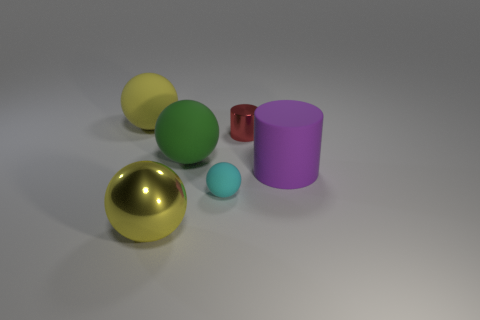What is the shape of the purple object that is the same size as the metallic sphere?
Make the answer very short. Cylinder. What number of other objects are the same color as the rubber cylinder?
Your answer should be very brief. 0. How many cyan things are either tiny spheres or tiny shiny cubes?
Offer a very short reply. 1. There is a large rubber object that is on the right side of the green ball; is it the same shape as the yellow object in front of the green thing?
Make the answer very short. No. How many other things are the same material as the big green ball?
Your answer should be compact. 3. There is a big yellow object in front of the yellow thing behind the small cyan ball; is there a tiny red thing left of it?
Offer a very short reply. No. Do the small sphere and the tiny red cylinder have the same material?
Offer a very short reply. No. Is there any other thing that has the same shape as the purple matte thing?
Keep it short and to the point. Yes. What material is the sphere to the left of the large yellow object that is right of the large yellow matte thing made of?
Your answer should be compact. Rubber. There is a metal object behind the small cyan thing; what is its size?
Make the answer very short. Small. 
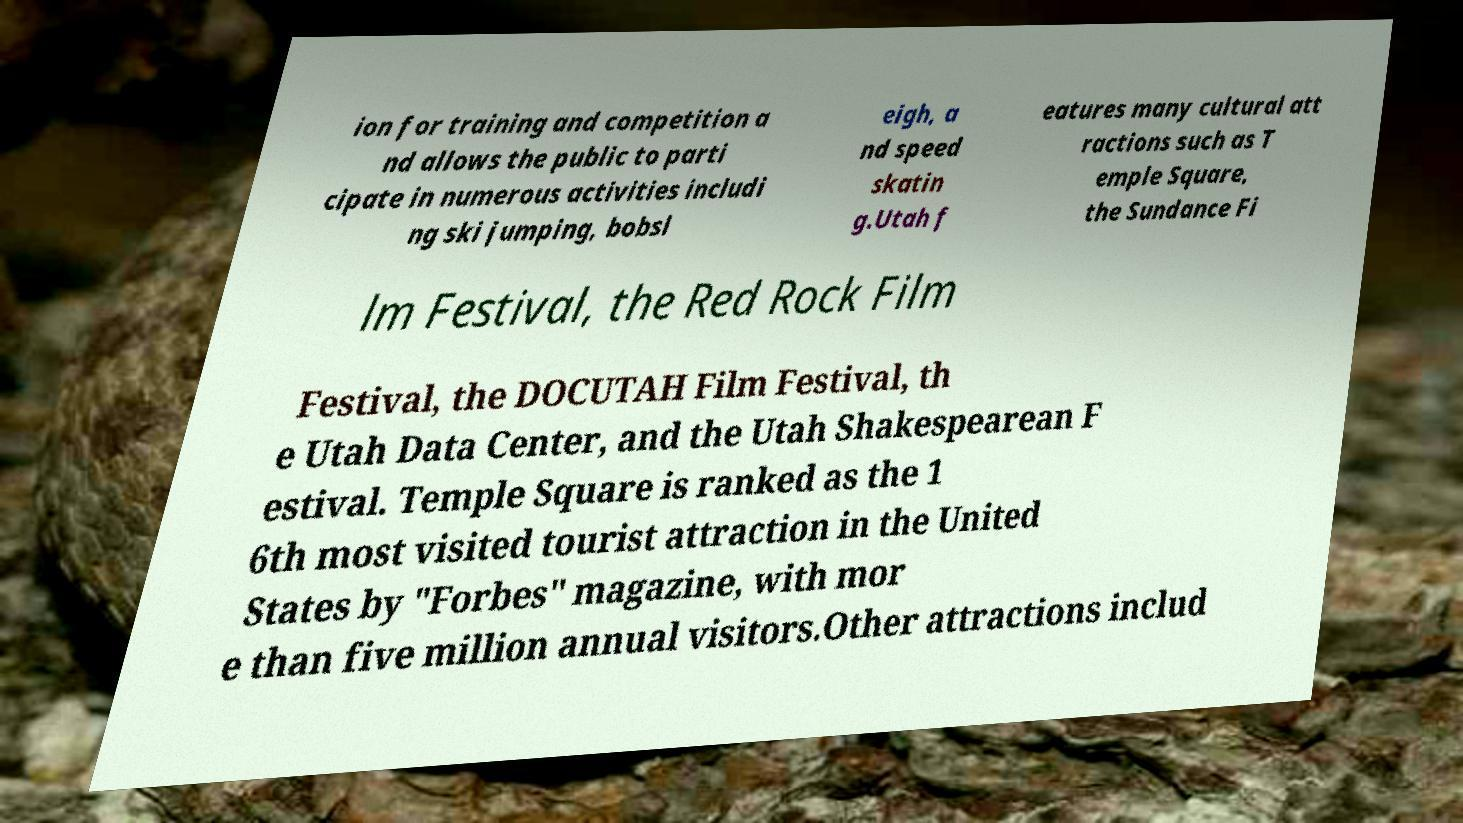Can you accurately transcribe the text from the provided image for me? ion for training and competition a nd allows the public to parti cipate in numerous activities includi ng ski jumping, bobsl eigh, a nd speed skatin g.Utah f eatures many cultural att ractions such as T emple Square, the Sundance Fi lm Festival, the Red Rock Film Festival, the DOCUTAH Film Festival, th e Utah Data Center, and the Utah Shakespearean F estival. Temple Square is ranked as the 1 6th most visited tourist attraction in the United States by "Forbes" magazine, with mor e than five million annual visitors.Other attractions includ 
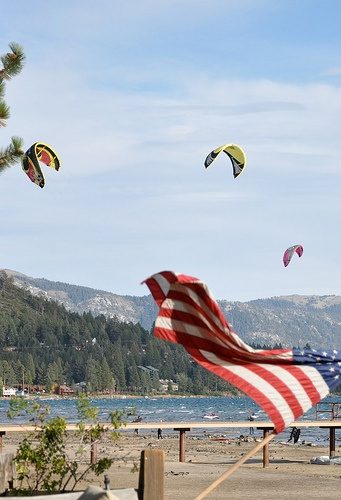Describe the objects in this image and their specific colors. I can see kite in lightblue, black, brown, olive, and gray tones, kite in lightblue, tan, black, ivory, and darkgray tones, kite in lightblue, gray, and purple tones, people in lightblue, gray, darkgray, and black tones, and people in lightblue, black, darkgray, and gray tones in this image. 
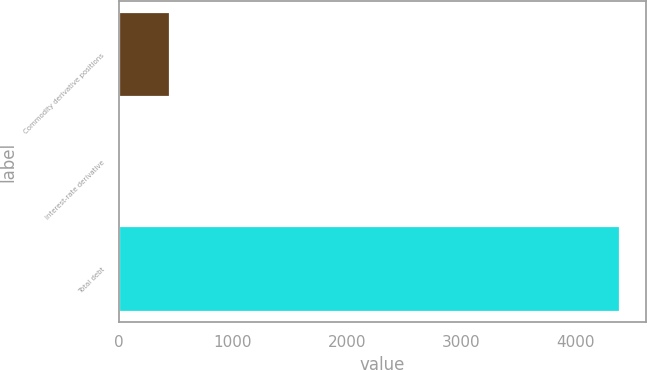<chart> <loc_0><loc_0><loc_500><loc_500><bar_chart><fcel>Commodity derivative positions<fcel>Interest-rate derivative<fcel>Total debt<nl><fcel>445.1<fcel>6<fcel>4397<nl></chart> 
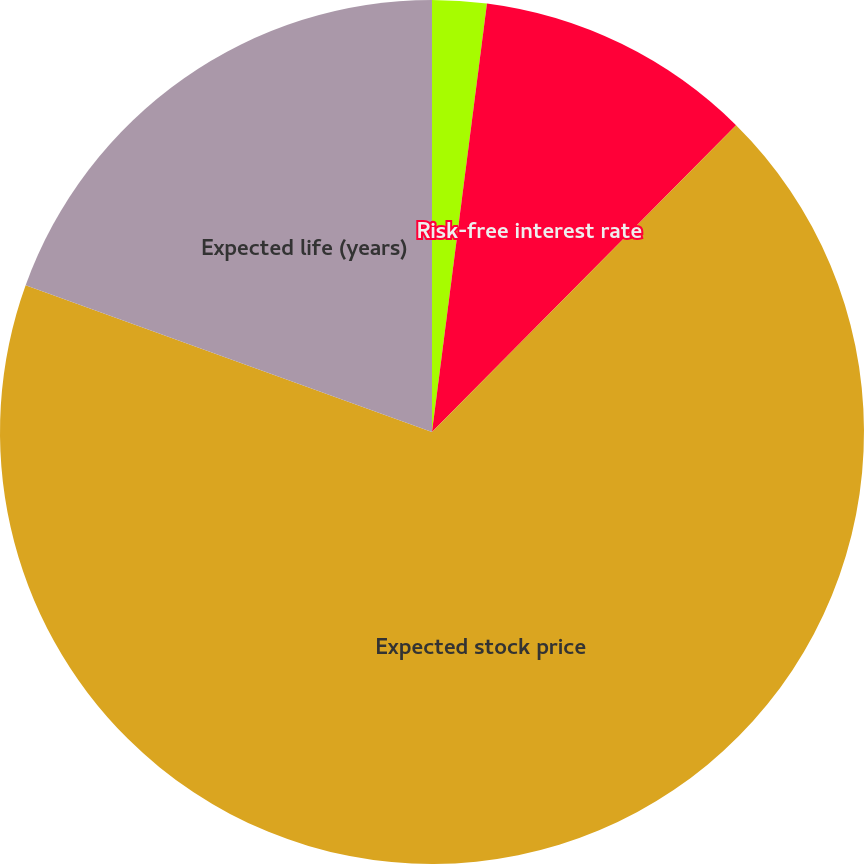<chart> <loc_0><loc_0><loc_500><loc_500><pie_chart><fcel>Expected dividend yield<fcel>Risk-free interest rate<fcel>Expected stock price<fcel>Expected life (years)<nl><fcel>2.03%<fcel>10.4%<fcel>68.09%<fcel>19.49%<nl></chart> 
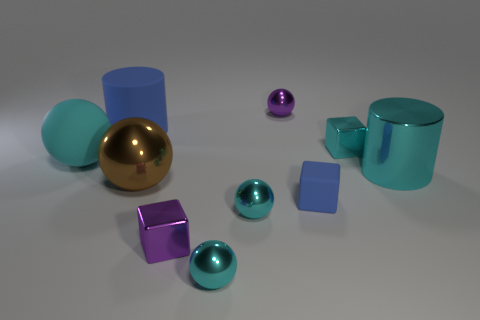How many cyan balls must be subtracted to get 1 cyan balls? 2 Subtract all tiny rubber blocks. How many blocks are left? 2 Subtract all cyan cylinders. How many cylinders are left? 1 Subtract all cubes. How many objects are left? 7 Subtract all purple blocks. How many cyan balls are left? 3 Subtract 1 cylinders. How many cylinders are left? 1 Subtract all gray cylinders. Subtract all purple cubes. How many cylinders are left? 2 Subtract all large blue matte objects. Subtract all big blue matte things. How many objects are left? 8 Add 3 purple cubes. How many purple cubes are left? 4 Add 4 tiny things. How many tiny things exist? 10 
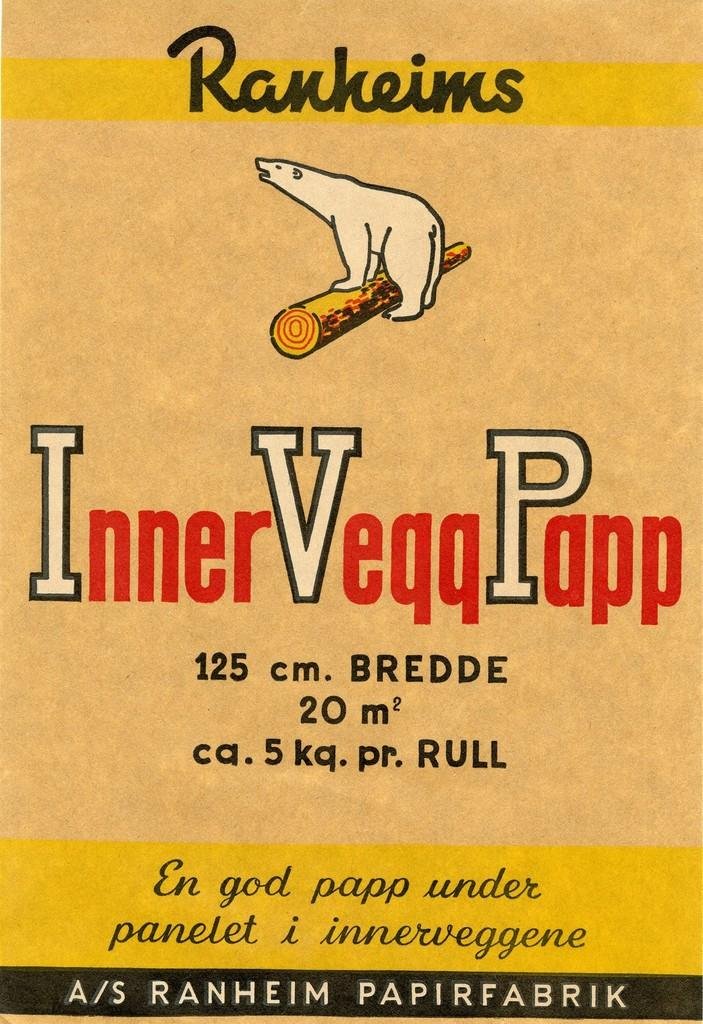<image>
Offer a succinct explanation of the picture presented. An advertisement for Inner Veqq Papp features a polar bear on a log. 
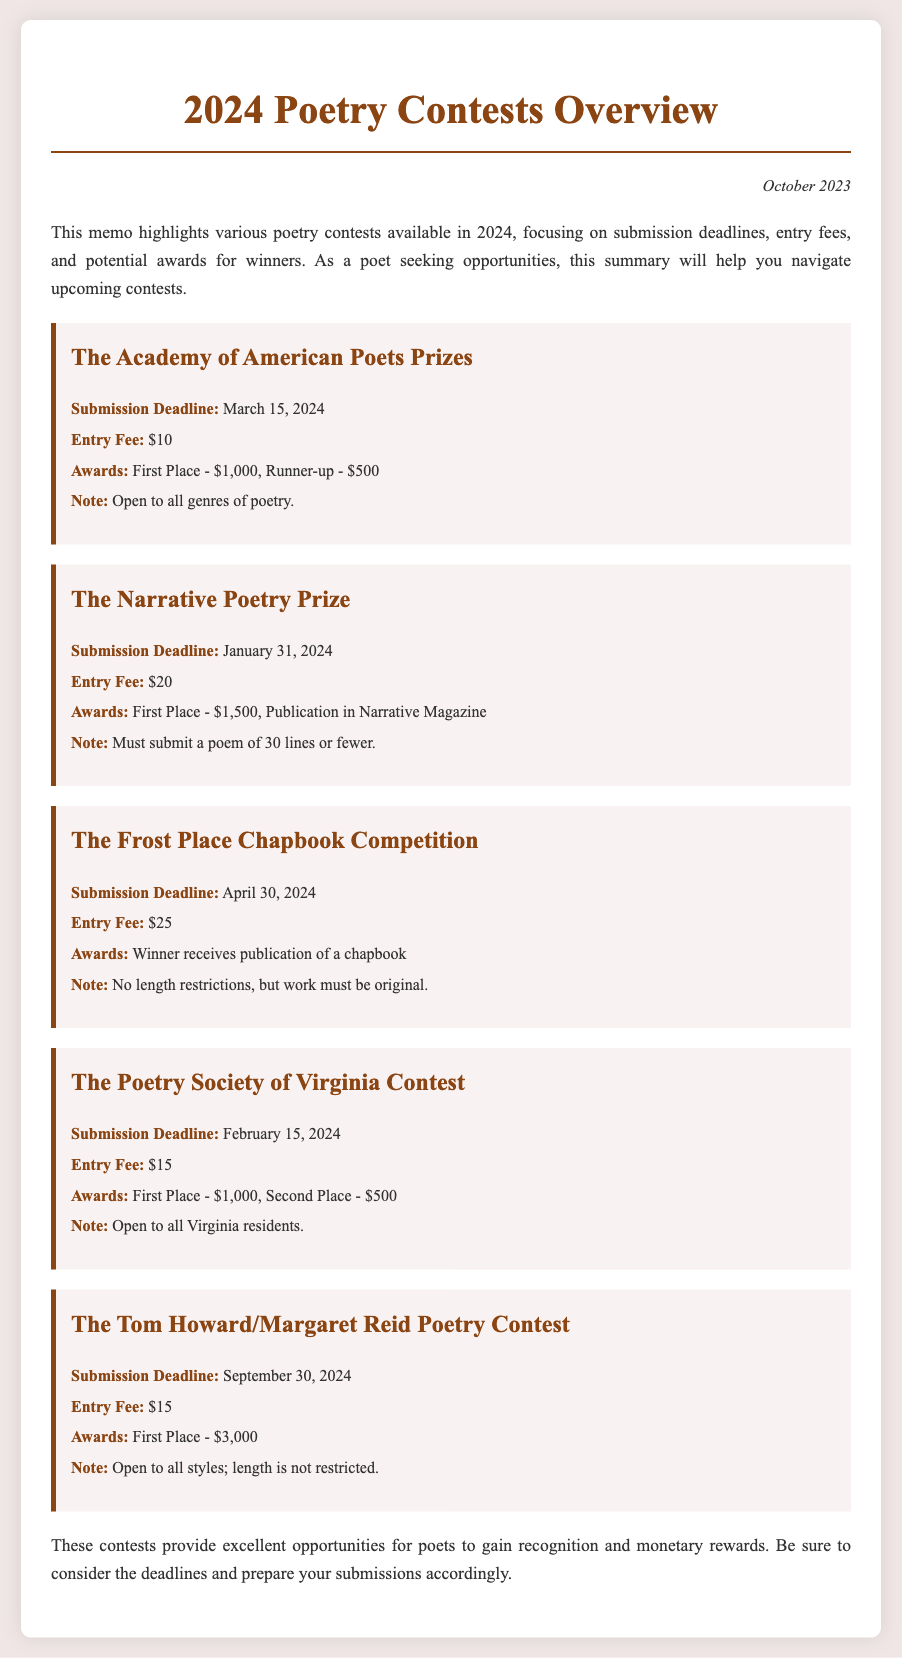what is the submission deadline for The Narrative Poetry Prize? The submission deadline is provided in the document as January 31, 2024.
Answer: January 31, 2024 what is the entry fee for The Poetry Society of Virginia Contest? The entry fee is mentioned in the document as $15.
Answer: $15 how much is the first place award for The Academy of American Poets Prizes? The document specifies the first place award is $1,000.
Answer: $1,000 which contest offers publication in Narrative Magazine as an award? The document indicates that The Narrative Poetry Prize includes publication in Narrative Magazine as an award.
Answer: The Narrative Poetry Prize what is the total prize amount for The Tom Howard/Margaret Reid Poetry Contest? The total prize amount refers to the first place award, which is $3,000 as stated in the document.
Answer: $3,000 how many contests are listed in the document? The document lists a total of five poetry contests.
Answer: Five what type of document is this memo? The nature of the document is outlined as a summary of poetry contests for 2024.
Answer: A summary of poetry contests what does the introduction highlight about the contests? The introduction emphasizes that the memo focuses on submission deadlines, entry fees, and potential awards for winners.
Answer: Submission deadlines, entry fees, and potential awards for winners who can submit to The Poetry Society of Virginia Contest? The document mentions that this contest is open to all Virginia residents.
Answer: All Virginia residents

#### [EXERCISE AIM]
Using the records above, write out exactly the lines between the one holding "Your answer should be compact. Rubber." and the one holding "Make the answer very short. Small.", inclusive; leave everything else out.

#### [WRITTEN ANSWER]
Your answer should be compact. Rubber. There is a metal object behind the small cyan thing; what is its size?
Make the answer very short. Small. 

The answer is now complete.